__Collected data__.
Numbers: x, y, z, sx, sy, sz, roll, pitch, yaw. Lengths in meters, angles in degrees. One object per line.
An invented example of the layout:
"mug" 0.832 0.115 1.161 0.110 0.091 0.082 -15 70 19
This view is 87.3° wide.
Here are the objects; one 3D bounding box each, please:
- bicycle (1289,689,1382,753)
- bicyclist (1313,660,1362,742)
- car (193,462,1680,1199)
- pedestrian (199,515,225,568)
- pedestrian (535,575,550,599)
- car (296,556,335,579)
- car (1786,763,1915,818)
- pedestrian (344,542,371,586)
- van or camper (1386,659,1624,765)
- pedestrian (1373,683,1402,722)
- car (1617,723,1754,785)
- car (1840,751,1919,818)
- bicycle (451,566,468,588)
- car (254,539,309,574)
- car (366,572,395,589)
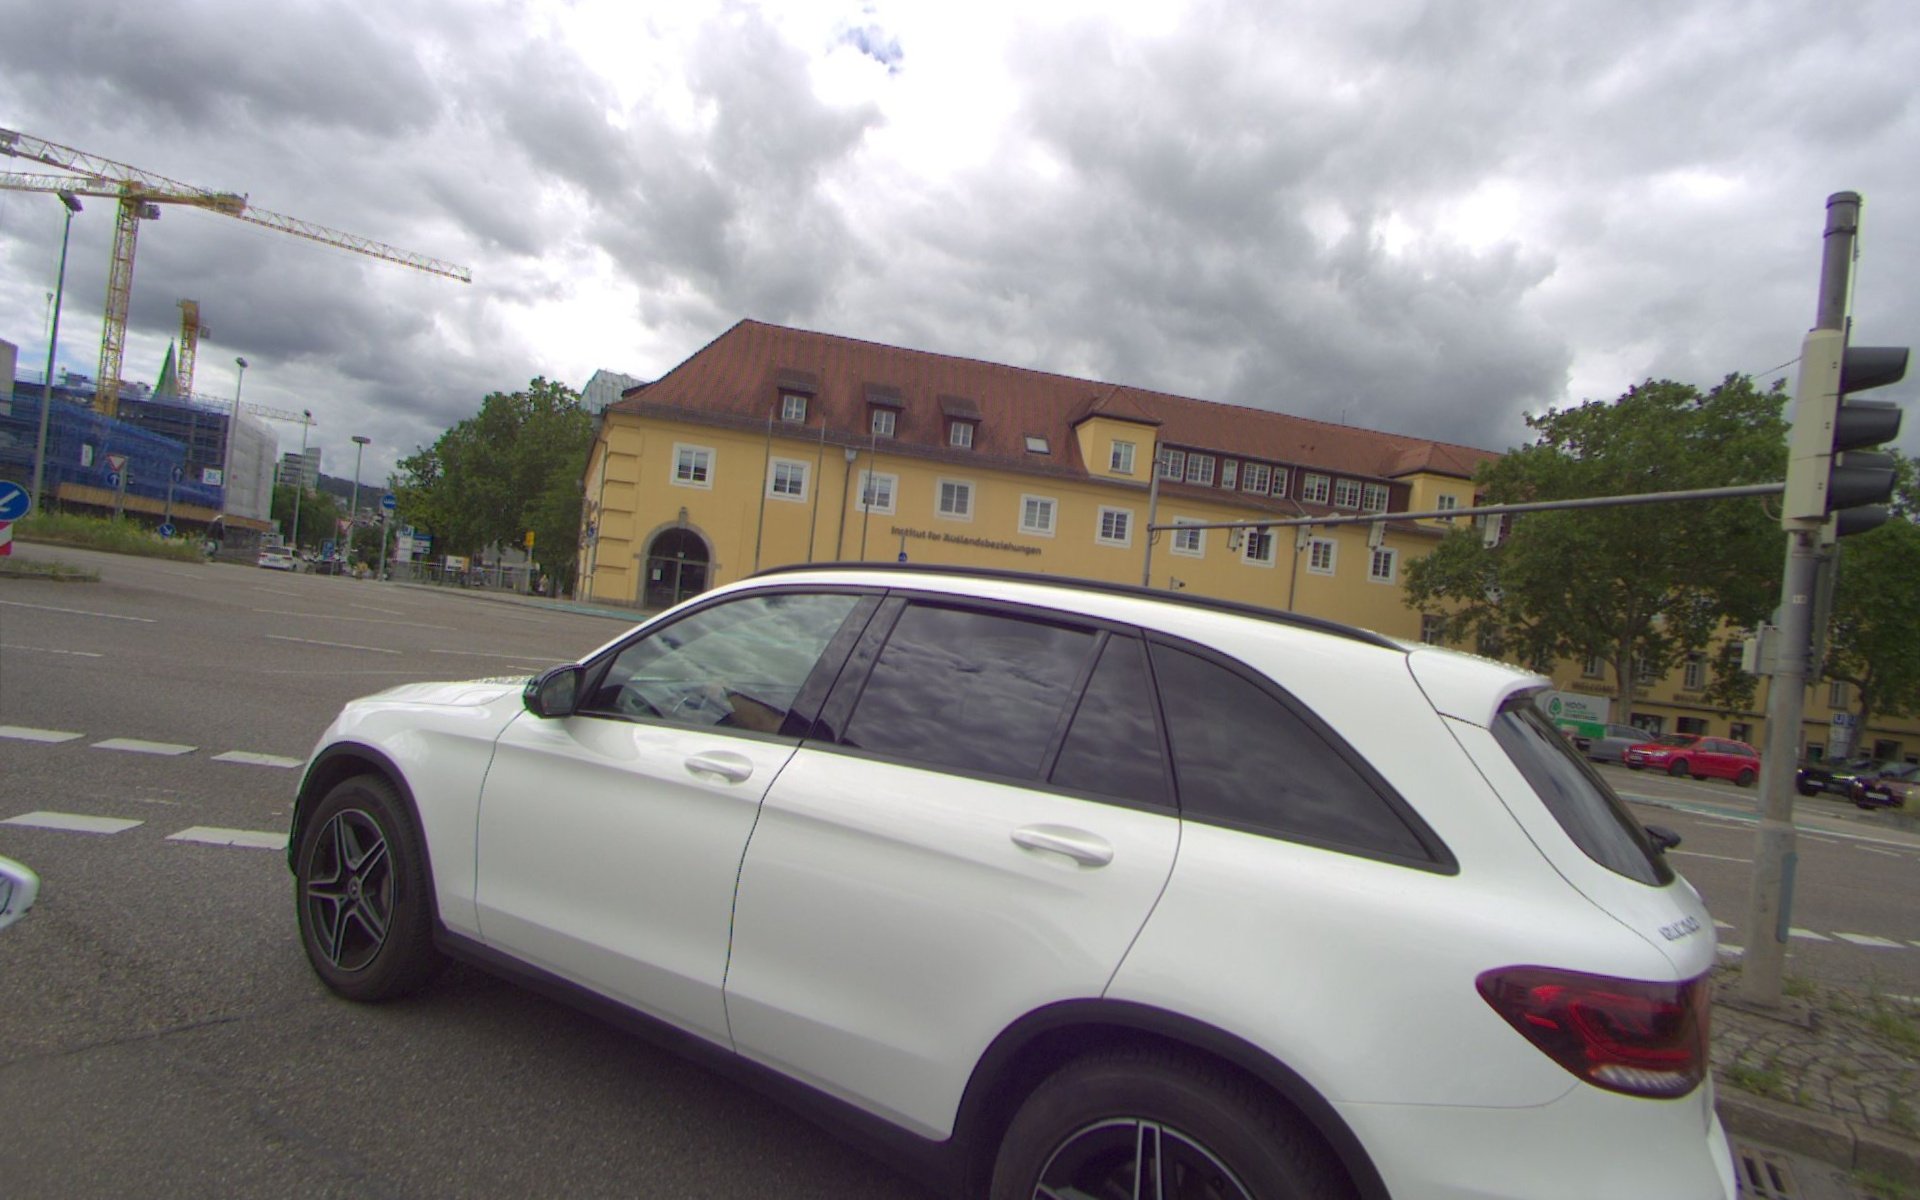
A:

__About this task__.
Across all the entries, how many lines include "bicycle"? Answer with the number alone.

__Result below__.
2